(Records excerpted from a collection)
━━━━━━━━━━━━━━━━━━━━━━━━━━━━━━
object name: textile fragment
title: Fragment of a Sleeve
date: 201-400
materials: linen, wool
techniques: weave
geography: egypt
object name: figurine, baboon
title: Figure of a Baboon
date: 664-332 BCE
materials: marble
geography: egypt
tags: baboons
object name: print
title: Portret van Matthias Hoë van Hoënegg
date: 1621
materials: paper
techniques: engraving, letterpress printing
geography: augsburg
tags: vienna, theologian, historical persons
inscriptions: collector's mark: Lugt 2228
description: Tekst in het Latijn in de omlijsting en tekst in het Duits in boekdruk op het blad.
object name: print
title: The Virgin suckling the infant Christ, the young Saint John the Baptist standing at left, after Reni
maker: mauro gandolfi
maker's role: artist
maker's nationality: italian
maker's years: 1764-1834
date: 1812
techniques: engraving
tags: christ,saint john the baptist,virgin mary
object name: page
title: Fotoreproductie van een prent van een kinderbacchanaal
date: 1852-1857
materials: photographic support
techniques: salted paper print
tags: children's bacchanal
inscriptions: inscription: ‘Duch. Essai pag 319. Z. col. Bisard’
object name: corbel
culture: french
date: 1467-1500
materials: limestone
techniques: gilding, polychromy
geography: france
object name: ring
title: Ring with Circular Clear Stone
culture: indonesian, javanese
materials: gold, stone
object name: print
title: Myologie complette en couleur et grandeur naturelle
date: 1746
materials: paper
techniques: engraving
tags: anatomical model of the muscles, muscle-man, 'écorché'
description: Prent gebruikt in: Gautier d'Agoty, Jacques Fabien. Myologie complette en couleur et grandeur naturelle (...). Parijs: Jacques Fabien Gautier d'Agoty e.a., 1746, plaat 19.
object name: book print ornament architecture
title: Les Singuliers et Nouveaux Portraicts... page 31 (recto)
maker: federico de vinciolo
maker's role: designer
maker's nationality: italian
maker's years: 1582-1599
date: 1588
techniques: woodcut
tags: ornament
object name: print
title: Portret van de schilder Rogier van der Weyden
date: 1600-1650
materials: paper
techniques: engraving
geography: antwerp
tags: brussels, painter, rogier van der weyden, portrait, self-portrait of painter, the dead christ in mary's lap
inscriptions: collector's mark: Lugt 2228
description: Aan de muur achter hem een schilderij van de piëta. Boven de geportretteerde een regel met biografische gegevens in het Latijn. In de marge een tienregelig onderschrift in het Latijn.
━━━━━━━━━━━━━━━━━━━━━━━━━━━━━━
### EXERCISE OBJECTIVE
Each record above needs to be transcribed word for word.

### ANSWER TO THE PROBLEM
object name: textile fragment
title: Fragment of a Sleeve
date: 201-400
materials: linen, wool
techniques: weave
geography: egypt
object name: figurine, baboon
title: Figure of a Baboon
date: 664-332 BCE
materials: marble
geography: egypt
tags: baboons
object name: print
title: Portret van Matthias Hoë van Hoënegg
date: 1621
materials: paper
techniques: engraving, letterpress printing
geography: augsburg
tags: vienna, theologian, historical persons
inscriptions: collector's mark: Lugt 2228
description: Tekst in het Latijn in de omlijsting en tekst in het Duits in boekdruk op het blad.
object name: print
title: The Virgin suckling the infant Christ, the young Saint John the Baptist standing at left, after Reni
maker: mauro gandolfi
maker's role: artist
maker's nationality: italian
maker's years: 1764-1834
date: 1812
techniques: engraving
tags: christ,saint john the baptist,virgin mary
object name: page
title: Fotoreproductie van een prent van een kinderbacchanaal
date: 1852-1857
materials: photographic support
techniques: salted paper print
tags: children's bacchanal
inscriptions: inscription: ‘Duch. Essai pag 319. Z. col. Bisard’
object name: corbel
culture: french
date: 1467-1500
materials: limestone
techniques: gilding, polychromy
geography: france
object name: ring
title: Ring with Circular Clear Stone
culture: indonesian, javanese
materials: gold, stone
object name: print
title: Myologie complette en couleur et grandeur naturelle
date: 1746
materials: paper
techniques: engraving
tags: anatomical model of the muscles, muscle-man, 'écorché'
description: Prent gebruikt in: Gautier d'Agoty, Jacques Fabien. Myologie complette en couleur et grandeur naturelle (...). Parijs: Jacques Fabien Gautier d'Agoty e.a., 1746, plaat 19.
object name: book print ornament architecture
title: Les Singuliers et Nouveaux Portraicts... page 31 (recto)
maker: federico de vinciolo
maker's role: designer
maker's nationality: italian
maker's years: 1582-1599
date: 1588
techniques: woodcut
tags: ornament
object name: print
title: Portret van de schilder Rogier van der Weyden
date: 1600-1650
materials: paper
techniques: engraving
geography: antwerp
tags: brussels, painter, rogier van der weyden, portrait, self-portrait of painter, the dead christ in mary's lap
inscriptions: collector's mark: Lugt 2228
description: Aan de muur achter hem een schilderij van de piëta. Boven de geportretteerde een regel met biografische gegevens in het Latijn. In de marge een tienregelig onderschrift in het Latijn.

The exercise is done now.